Technically, you can train however you want (e.g., write a script in PyTorch, TensorFlow, etc.). The annotated data is in a SQLite database (by default) and you can simply export out. Many Prodigy users who use Prodigy's BERT recipe already have their own training workflows.
I suspect what you're looking for a simple way to train with Prodigy. Prodigy's default training recipe train, is really a wrapper for spacy train with simple defaults. The problem is training transformers (BERT) needs a lot of customization, therefore, if you want to train with spaCy, you'll need to familiarize yourself with spaCy training (e.g., config, GPU).

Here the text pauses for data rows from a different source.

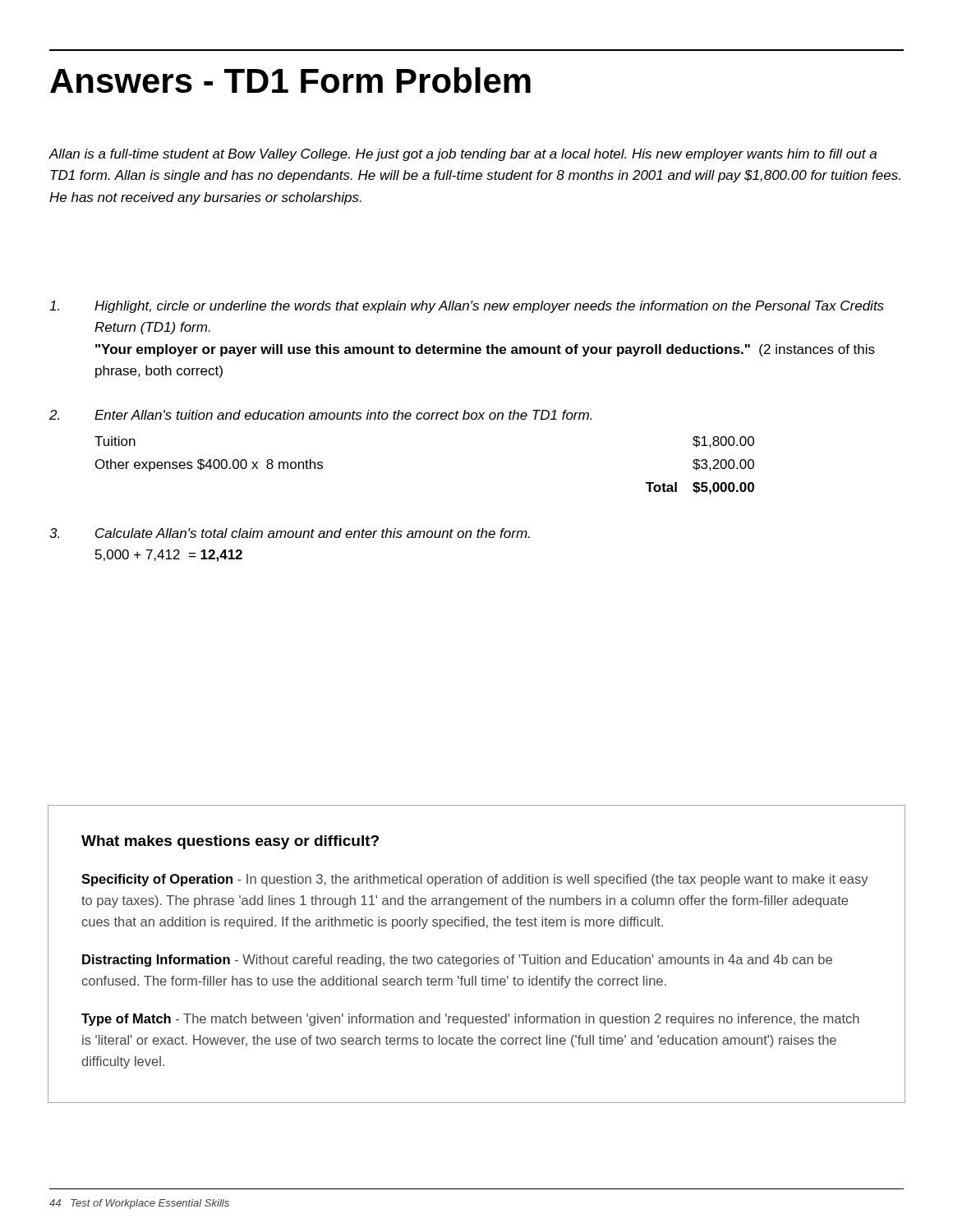The width and height of the screenshot is (953, 1232).
Task: Navigate to the block starting "Distracting Information -"
Action: point(457,970)
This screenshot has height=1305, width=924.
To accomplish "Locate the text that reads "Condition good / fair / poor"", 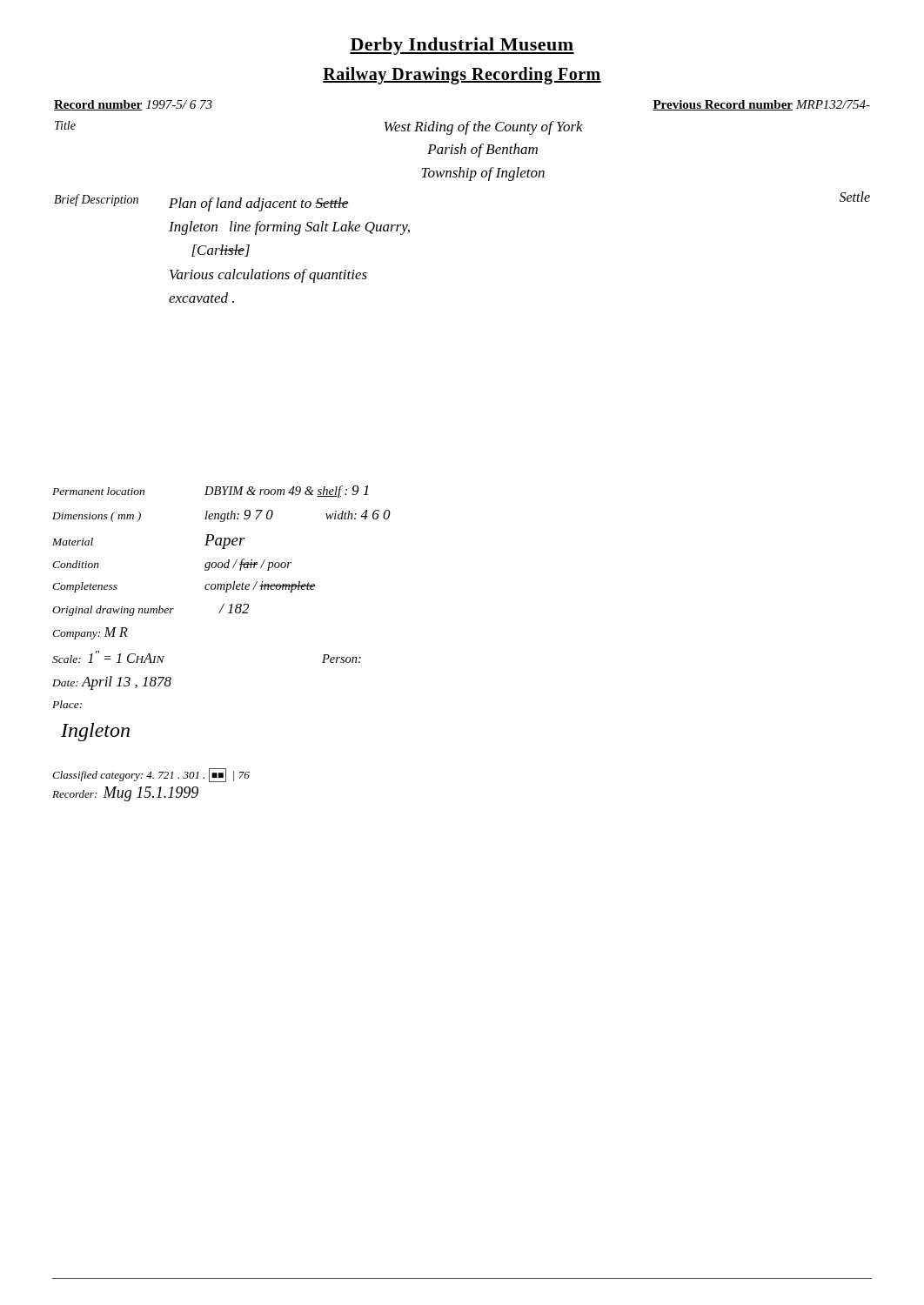I will point(74,563).
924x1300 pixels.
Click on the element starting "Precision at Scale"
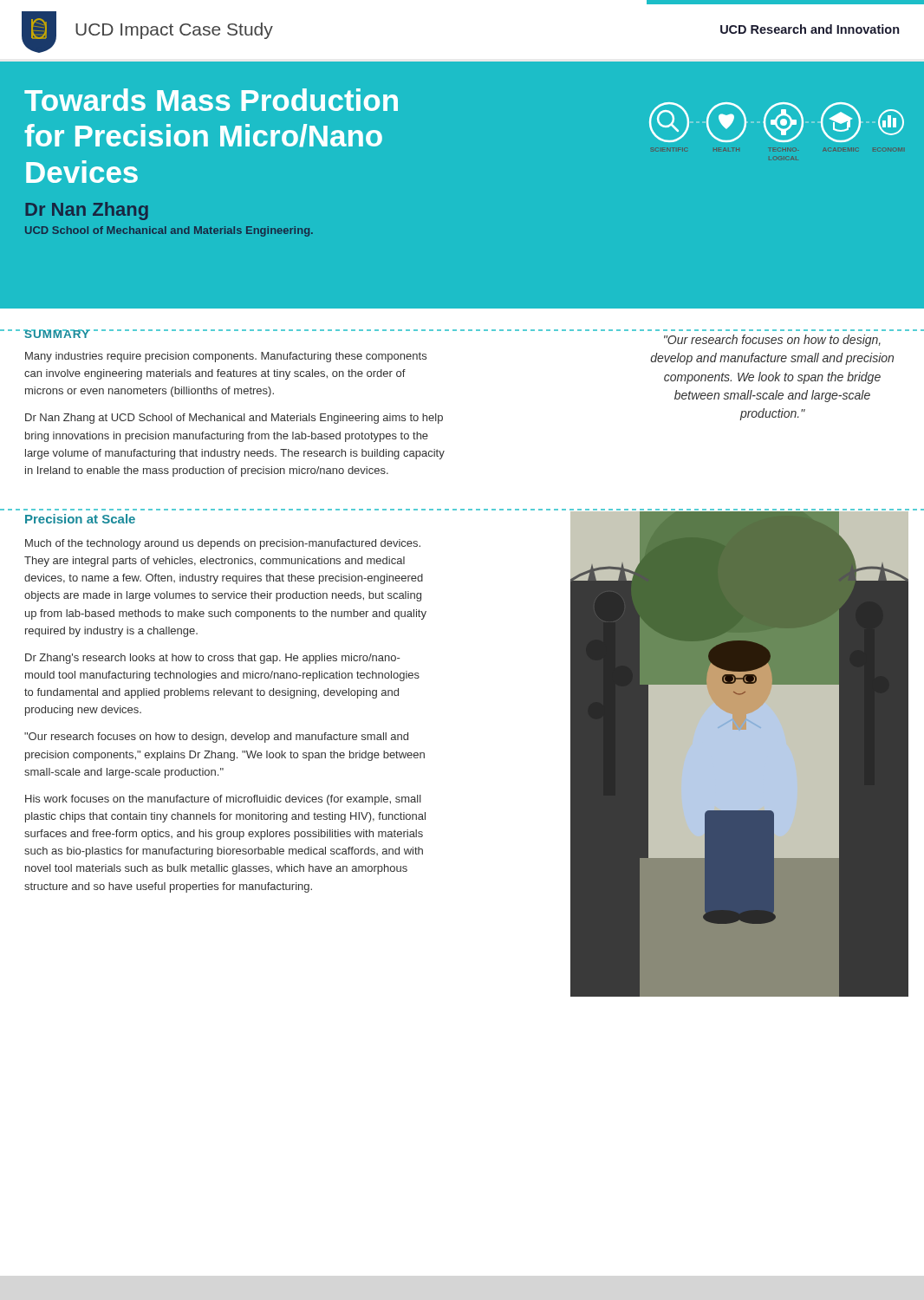(x=80, y=519)
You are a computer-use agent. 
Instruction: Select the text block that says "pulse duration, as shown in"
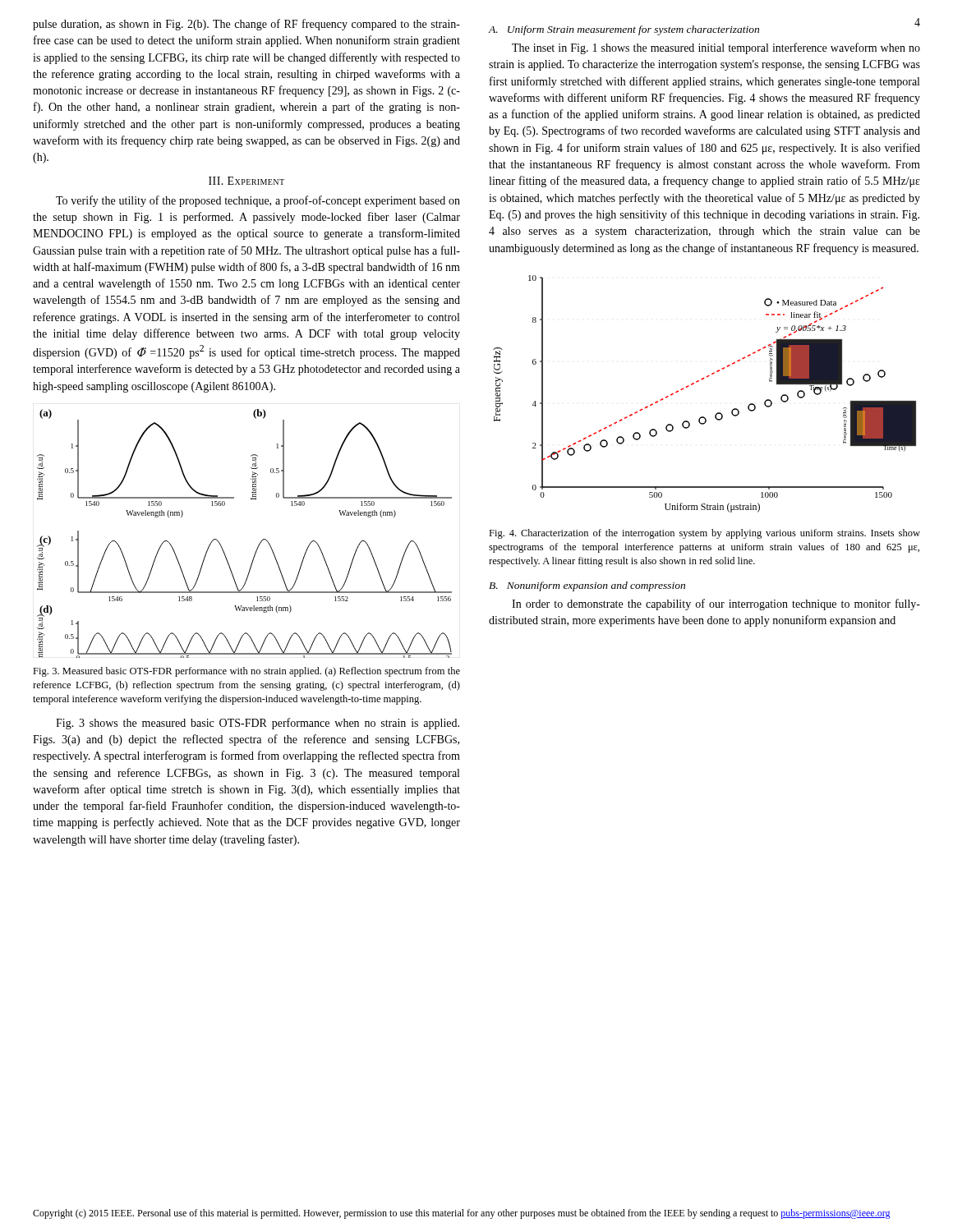click(246, 91)
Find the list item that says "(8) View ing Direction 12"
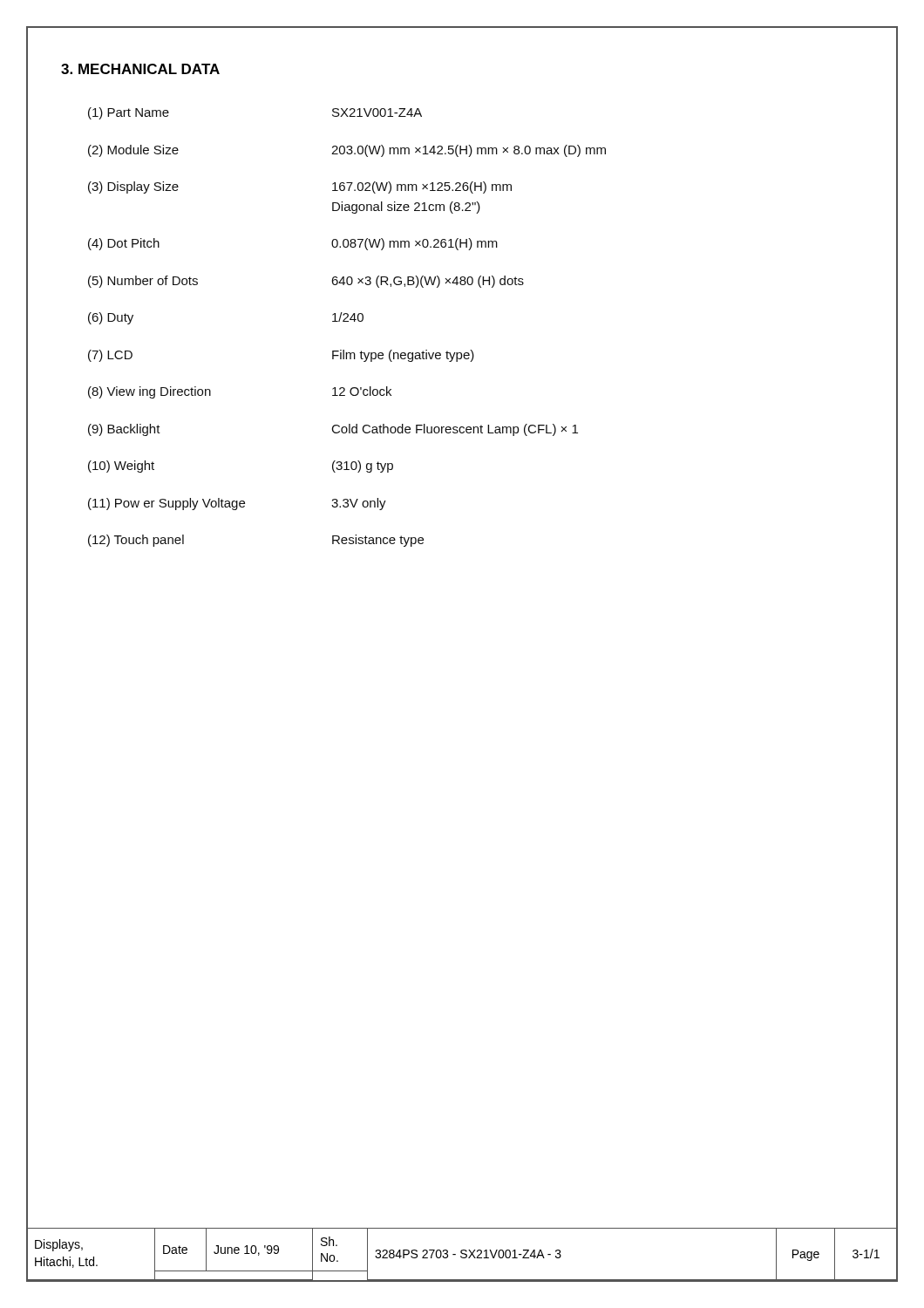Viewport: 924px width, 1308px height. (150, 392)

I would recommend reading up on spaCy's documentation on transformer training. You'll likely need to already have knowledge about spaCy training.
Please post there if you have spaCy specific questions as the spaCy core team answers questions there.
This FAQ may be helpful too to familiarize yourself with handling GPU's, which is another major thing to learn before training transformers (spaCy or anything other framework).
Ultimately, it's important you take a step back and consider: do you really need transformers (BERT)?
For many projects (especially in industry) the answer is that the performance gains may not justify the additional work that's required, especially if you're starting out from scratch. However, I do think if you spend enough time and have the right expectations, it could be a valuable skill set to develop. But it'll take time!
The task what I want to do to is extracting relationships in CV between skills and employment and what I understand spacy can not fit for this task without help with BERT as spacy can perform relations extraction.